According to a report Wednesday from the Austin Board of Realtors, home resales in central Texas fell 10 percent in March compared to a year ago. Based on this information, the month of April will not be much better.
The Statesman reported that in central Texas, 1,597 existing single-family homes were sold at the average price of $185,260, up by 2 percent. This number breaks down to $112 a square foot, up by 1 percent.
This time last year consumers were rushing to reap the benefits of the federal tax credit that ended in April 2010 and in turn the March 2010 sales were up 27 percent from the year before.
“We were expecting this March to be a big negative, because last March was an artificial number,” said James Gaines, research economist at the Real Estate Center at Texas A&M University. “But there are still some other headwinds, mainly in the mortgage market and the difficulty of credit. Recovery is just a slow process.”
The National Association of Realtors reported that across the nation home resales were down 6.5 percent in March compared to a year ago. This number was measured by the annual rate of sales. About a third of consumers were first time homebuyers compared to 44 percent a year ago.
An indicator that first time homebuyers are shying away from purchasing homes is that the price range of homes purchased in central Texas was between $200,000 and $399,999. First time homebuyers tend to purchase homes in the lower price ranges.
Gaines believes that people in the market looking for a house are also feeling the pinch.
“Lenders are getting even tighter on the equity requirement, so if you’re not getting FHA financing, lenders are beginning to ask for a full 20 percent down,” he said.
Home sales in Central Texas took on average 96 days, which is 32 percent longer than in took in March 2010.
A key sign of April’s activity are pending sales because they record transactions that are on their way to closing. Pending sales are down 17 percent from last year.

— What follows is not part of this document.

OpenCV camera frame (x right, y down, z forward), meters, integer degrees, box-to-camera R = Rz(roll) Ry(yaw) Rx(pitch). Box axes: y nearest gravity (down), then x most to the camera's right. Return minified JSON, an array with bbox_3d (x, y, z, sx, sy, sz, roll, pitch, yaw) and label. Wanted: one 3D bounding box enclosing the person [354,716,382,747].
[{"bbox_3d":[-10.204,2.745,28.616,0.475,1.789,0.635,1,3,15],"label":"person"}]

There were 3,480 new listings, this number is also down 17 percent, and there were 9,156 active listings dropped. Dropped active listings are down by 11 percent.
“The fact that pending sales are down substantially, while the amount of time it takes to sell a house is increasing, suggests a continuing weakness in the market,” said Charles Heimsath , president of Capitol Market Research. “If you can’t sell a house in Detroit and you’re moving to Austin, you can’t buy a house in Austin. You have to rent.”
Heimsath mentioned that rental activity in the Austin area has stayed strong. “Apartment rents have never been higher, and the market is 96 to 97 percent occupied.”
In March there were 1,174 properties leased in the Austin, which is 9 percent more when compared to last year. On average the rental price was $1200 and compared to March 2010 is a 4 percent increase.
4,965 homes were sold in the first three months of the year, which is down 3 percent from the same time period last time.
Heimsath believes that number of home sales is not likely to turnaround yet.
“The strength of the economy and job growth long term make for a robust housing market, and we’re not there yet,” he said.